Transcript:

One of the three main categories of people eligible to challenge a will or seek further provision from an estate in New South Wales are de factos. Hi, I’m Nicholas Rose, one of the solicitors here at Turnbull Hill Lawyers in the Contested Estates team, and I’m here to give you the facts on de factos.

The hardest part for us lawyers, and the rest of the world, is working out whether a person claiming to be a de facto actually is one and, more importantly, whether they were one at the date of death.

Some lawyers will advise that to determine whether someone is a de facto, there’s just nine considerations in the Interpretation Act. This is not strictly true. The section that they’re referring to actually states all circumstances of the relationship are to be taken into account, and it also clarifies further that no particular finding regarding those nine considerations is absolutely necessary to prove whether two people were in a de facto relationship. So this is not a box-ticking exercise.

Nevertheless, the considerations under that section are:

(a) The duration of the relationship; how long have they been keeping company? Pretty straightforward.

(b) The nature and extent of common residence. Do they live together?

The next consideration in (c) is whether or not a sexual relationship existed. Just because you’re practicing procreation occasionally, this does not make you a de facto. At the same time, the lack of the “no pants dance” does not disprove a de facto relationship. And I’ll explain why in a minute.

The next consideration (d) is the degree of financial dependence or interdependence and any arrangements for financial support between the parties. So are they buying things for each other? Paying bills, getting gifts, that sort of stuff.

The next consideration (e) is the ownership, use, or acquisition of property together. This isn’t just houses. We’re talking about cars, boats, dogs, racehorses, any kind of property that they co-own. What’s the extent of that?

The next consideration in (f) is the degree of mutual commitment to a shared life. This is perhaps the most underrated consideration because it is, to use the legal term, a bit wishy-washy. However, love letters, promises, screenshots of Facebook messages, all that sort of stuff can indicate commitment together. The word mutual in that particular consideration, though, is really interesting and a developing area of law with our current understanding of how coercive control and domestic violence applies.

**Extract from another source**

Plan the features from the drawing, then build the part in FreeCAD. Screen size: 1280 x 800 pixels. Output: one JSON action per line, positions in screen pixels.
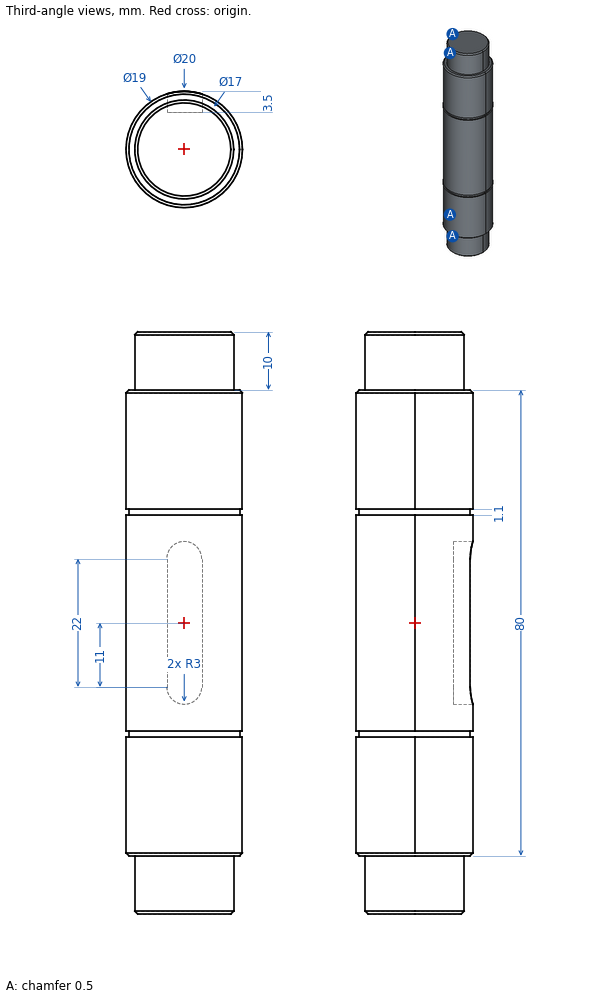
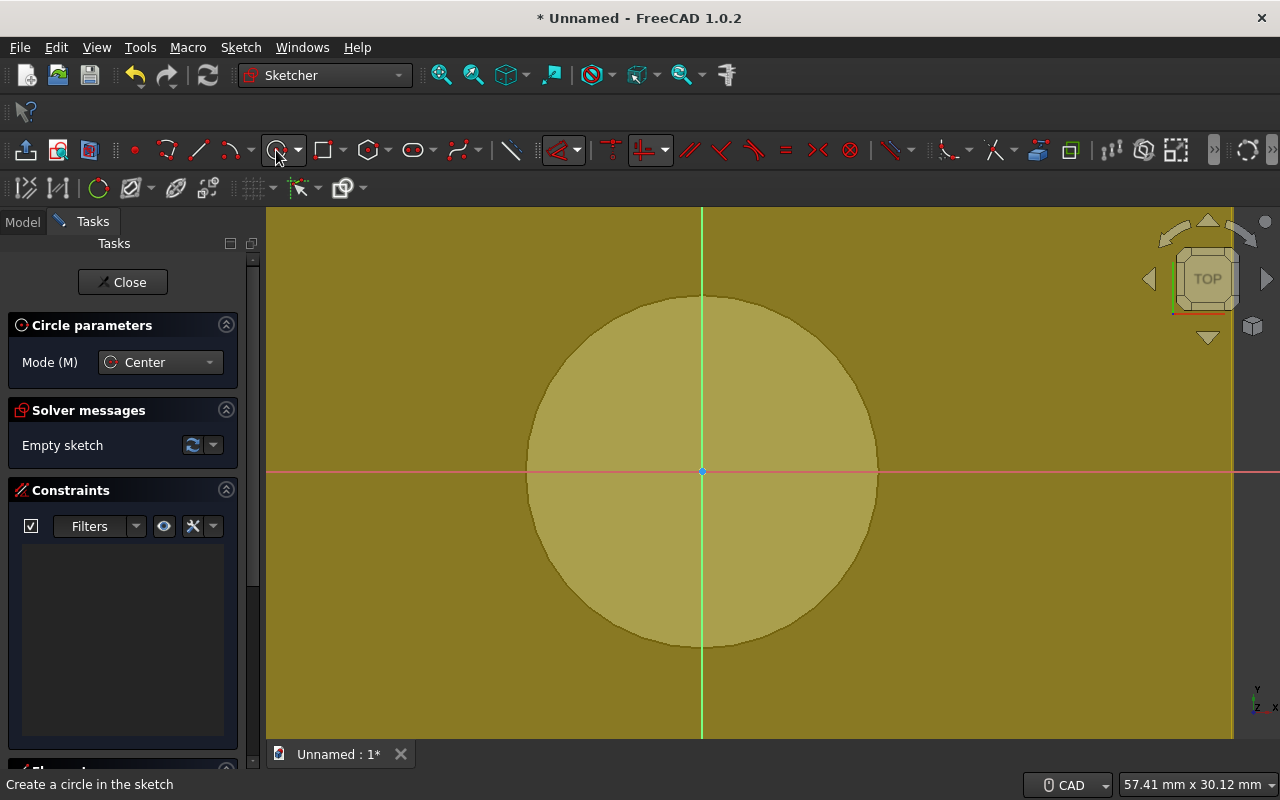
{"action": "left_click", "coordinate": [702, 472]}
{"action": "left_click", "coordinate": [827, 347]}

The next consideration in (g) is the care and support of children. If you have children together, big chance you’re a de facto, it’s a bit of a giveaway. In fact, in intestacy, where there is no will, a former de facto who had a child with the deceased is automatically entitled to be considered equivalent to a spouse so they could receive the entire estate in some circumstances. If you separate, get a will. The next consideration in (h) is the performance of household duties. Boy, does this become an issue for the court when someone moves in as a live-in carer for elderly persons. But it’s essentially, are you doing stuff around the house together?

The next consideration (i), and this is the important one: The reputation and public aspects of the relationship. Essentially, are they Facebook official? Do they go to family events together, holding hands? Are they on holiday together? Do they represent all the people that they are in a relationship? In a case from 2020, Indjic v Stojanovic, the judge presiding, Justice Hallan, said that all of these considerations suggest a continuing course of behavior and not an event at a fixed point in time.

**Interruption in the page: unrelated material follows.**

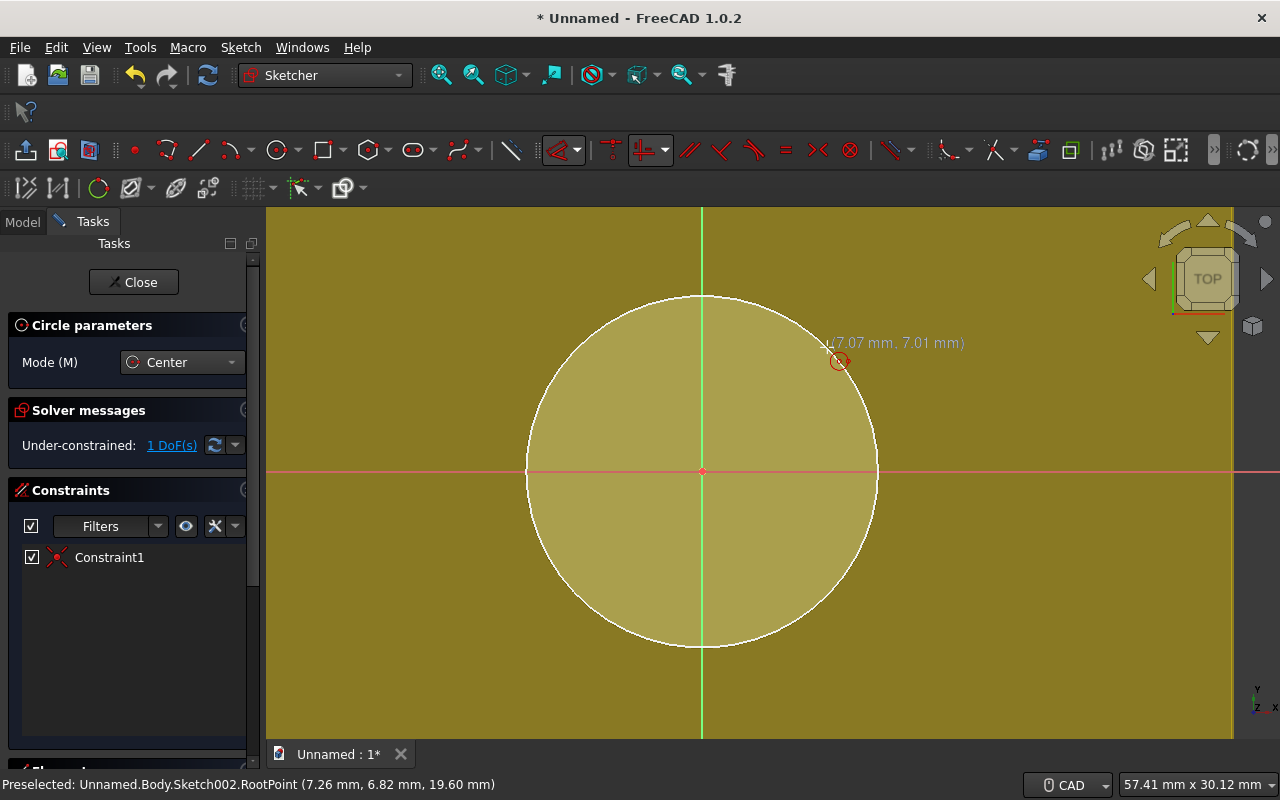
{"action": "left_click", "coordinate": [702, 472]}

Unlike a legal marriage, a de facto relationship only exists as long as it has that marriage-like character. When a party to a de facto relationship determines they do not wish the relationship to be marriage-like anymore and leaves, that’s it, it’s at an end.

In summary, de factos are not just the boyfriends and girlfriends or a rebound after a marriage breakdown. A de facto relationship has to be proven by way of a genuine commitment to a relationship that is in the eyes of at least some judges, equivalent to marriage in all respects, except that formal certificate. It does not matter that they were not having sex if they were otherwise clearly committed to caring for one another and sharing their life and assets.

What matters is whether when all the facts and put before the court, the court believes, one, that the relationship was genuine and marriage-like enough to indicate a shared commitment to life. That it was two, mutual in its commitment and not imposed upon one or only felt by one party. And three, that neither party stated the relationship was over before the deceased died. It also can’t be a relationship that was entered into in exchange for monetary benefit. So the professional mistresses, boy toys, and paramours, they’re way out of the picture.

Finally, it is the worst-kept secret of certain generations in Australia that they are 100% absolutely not, definitely not, de facto… if the person asking is from Centrelink or the Tax Office. We’ve acted for plenty of lodgers and carers that were in fact dearly loved by their partner who just never happened to get around to making a will before they passed away, and it happens far too often.

Any declaration to the government that affects pensions or taxes is really decisive evidence. If you’re a de facto left out of a will or an executor dealing with someone who’s claiming to be a de facto and you do not believe that, call us. There’s no question too awkward.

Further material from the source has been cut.